Two new blockbuster studies on treating cervical cancer serve as a warning—when it comes to medicine, newer is not always better.
Background: Radical hysterectomy—the complete removal of the uterus and cervix as well as some surrounding tissue—is the gold standard for treating early stage cervical cancer, with an expected cure rate well over 80%. Before 2006, most radical hysterectomies were done through a large, open incision. But since then, many surgeons have moved to minimally invasive laparoscopic surgery with its small keyhole incision, sometimes using robotic arms to control the laparoscopic tools.
Minimally invasive techniques for many types of surgery have become popular because they offer shorter recovery and a slightly reduced risk for complications such as bleeding, swelling in the legs and sexual or bladder dysfunction. The benefits for cervical cancer in particular led the National Comprehensive Cancer Network, an alliance of 27 outstanding US cancer centers, to change its guidelines to state that both minimally invasive laparoscopic surgery and open surgery were appropriate. And in short order, laparoscopic became the dominant choice. However, there were few large or long-term studies at the time to support this preference.
Both of the new studies set out to compare results of the old and new surgeries. One, led by researchers at MD Anderson Cancer Center in Houston, looked at disease-free survival (meaning no signs or symptoms of the cancer) and overall survival. Participants included 600 women with early stage cervical cancer. Half had minimally invasive surgery, the other half had open surgery. After 4.5 years, the open group had a 96.5% disease-free rate compared with 86% for the minimally invasive group. They also had a higher overall survival rate—99% compared to 93.8% after three years.

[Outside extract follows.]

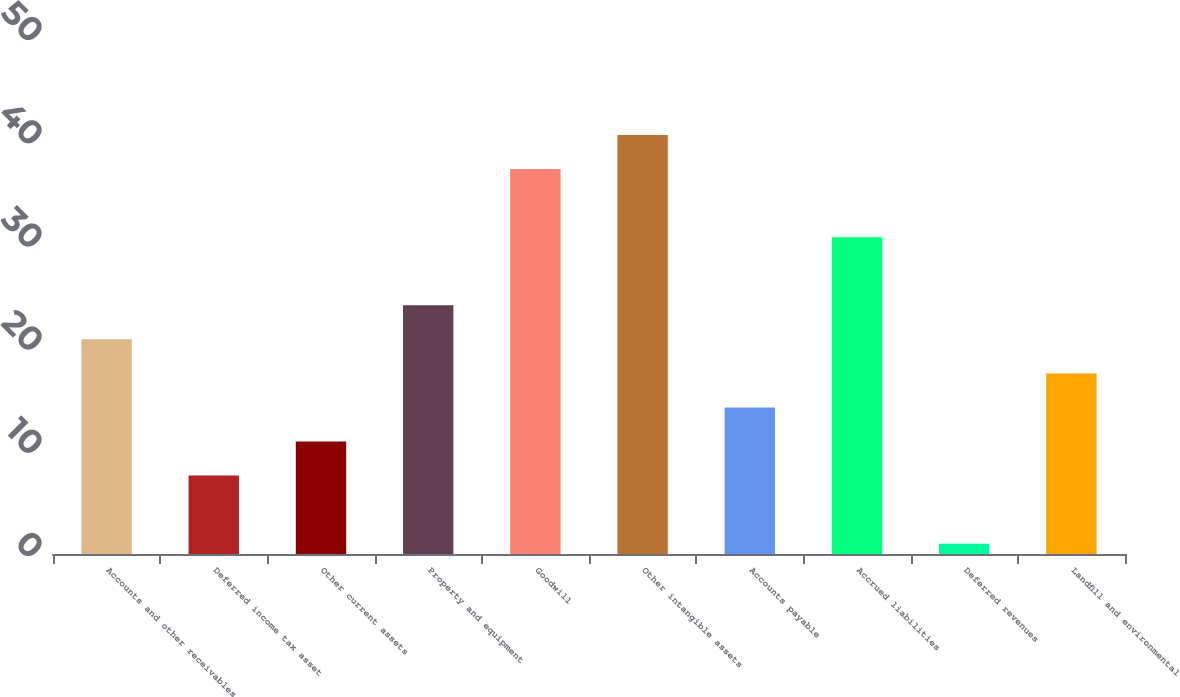<chart> <loc_0><loc_0><loc_500><loc_500><bar_chart><fcel>Accounts and other receivables<fcel>Deferred income tax asset<fcel>Other current assets<fcel>Property and equipment<fcel>Goodwill<fcel>Other intangible assets<fcel>Accounts payable<fcel>Accrued liabilities<fcel>Deferred revenues<fcel>Landfill and environmental<nl><fcel>20.8<fcel>7.6<fcel>10.9<fcel>24.1<fcel>37.3<fcel>40.6<fcel>14.2<fcel>30.7<fcel>1<fcel>17.5<nl></chart>

The second study analyzed the mortality rates of women undergoing cervical cancer surgery at leading cancer centers and university hospitals using two timeframes. First, they used a large cancer registry to track women for four years. They looked at about 2,500 women with early cervical cancer evenly divided between open and minimally invasive surgery during 2010 and 2013. Once again, open surgery was better for survival—the four-year mortality rate was 5.3% among open surgery patients, but 9.1% among the minimally invasive group.
These researchers also took a longer view, going back to mortality rates between 2000 and 2010. They found that before 2006, when open surgery dominated, survival rates remained stable. But after 2006, when minimally invasive surgery became dominant, they saw a gradual drop in the survival rate of close to one percentage point.
Why exactly minimally invasive surgery reduces survival isn’t clear. It could be because it’s harder to move the uterus into position for removal. This may result in smaller tumor-free margins—the amount of tissue beyond the cancer target that is removed to increase the chance of removing all cancer cells. The instrument used to move the uterus might increase the amount of tumor cells that “spill” or escape into the body during surgery. Some studies suggest that CO2 gas used to inflate the abdomen before laparoscopic surgery may stimulate tumor cells.
While these studies may not result in the end of minimally invasive surgery for cervical cancer, it’s important to be aware of their significant findings when considering surgery choices and to discuss them in depth with your oncologist.